The job situation for Europe’s young people is bad – but unemployment rates alone don’t tell the whole story.
At more than 50 per cent, the unemployment rates in countries such as Greece and Spain sound like a horribly high figure, but as Toronto-Dominion Bank economist Francis Fong pointed out in a report Tuesday, other metrics paint a picture of a less dire, if still challenging, job market.
The youth unemployment ratio, which is the number of jobless youth as a percentage of the total youth population, is just 15 per cent in Greece and 20 per cent in Spain.
“An unemployment rate of over 50 per cent in Greece and Spain only indicates what is occurring among a relatively small fraction of the total youth population,” he said, namely the group that is actively working or seeking work.

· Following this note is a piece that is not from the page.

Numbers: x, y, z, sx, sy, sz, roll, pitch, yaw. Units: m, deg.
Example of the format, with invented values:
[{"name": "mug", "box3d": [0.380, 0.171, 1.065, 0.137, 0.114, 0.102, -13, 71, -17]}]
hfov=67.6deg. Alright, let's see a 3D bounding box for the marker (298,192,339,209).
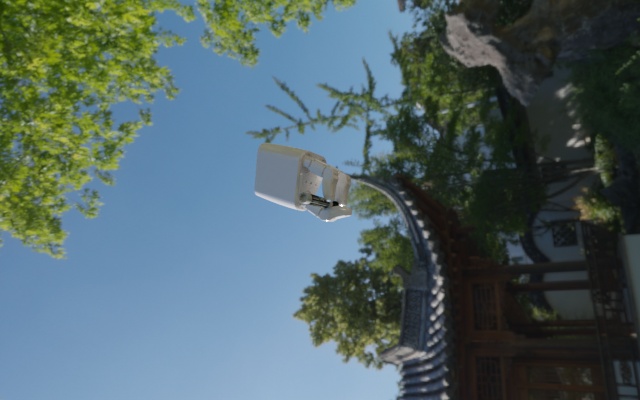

It ignores others who are choosing not to participate in the job market, perhaps because they are students, stay-at-home parents, too discouraged to look for work, or any other reason.
The unemployment ratio is important because it removes differences in participation rates between countries. In Spain, 39.5 per cent of young people are working or actively seeking a job, while only 29.3 per cent are in Greece.
The ratio accounts for this difference by including everyone –– job market participants or not – in the equation, Mr. Fong said.
The unemployment rate can make the number of jobless people appear larger because the number of people participating in the labour market is a smaller denominator than the total population.
Still, even smaller-looking youth unemployment ratios have more than doubled in the last four years, Mr. Fong said.
“Ultimately, the number of employed youths in these countries has fallen by a dramatic margin,” he said. “While the unemployment ratios for Greece and Spain are much less dramatic, they still present the same bleak picture of the youth labour market.”
The unemployment ratio is by no means a substitute for the unemployment rate, Mr. Fong said. Economists actually prefer the unemployment rate because it is a better indication of how well a labour market can absorb excess supply (i.e., job seekers).
But looking at both imperfect measures – the ratio and the rate – provides broader perspective on the job situation in a country. In the case of Greece and Spain, where sky-high unemployment rates for young people have been grabbing headlines, it’s worth taking a look at the problem from more than one angle.
In Canada, the unemployment rate for those aged 15 to 24 hit a recent peak of 16 per cent in late-2009 and edged down to 14.3 per cent in July, 2012.
In the U.S., youth unemployment now sits at 16 per cent after recently peaking at 19 per cent.
The unemployment rates for young people in North American are much lower than in Greece or Spain, but attest to a still-serious problem, Mr. Fong said.
More than 214,000 net jobs disappeared among Canadian young people since the recession, and job gains in the 15 to 24 age group during the recovery have been “non-existent,” he said.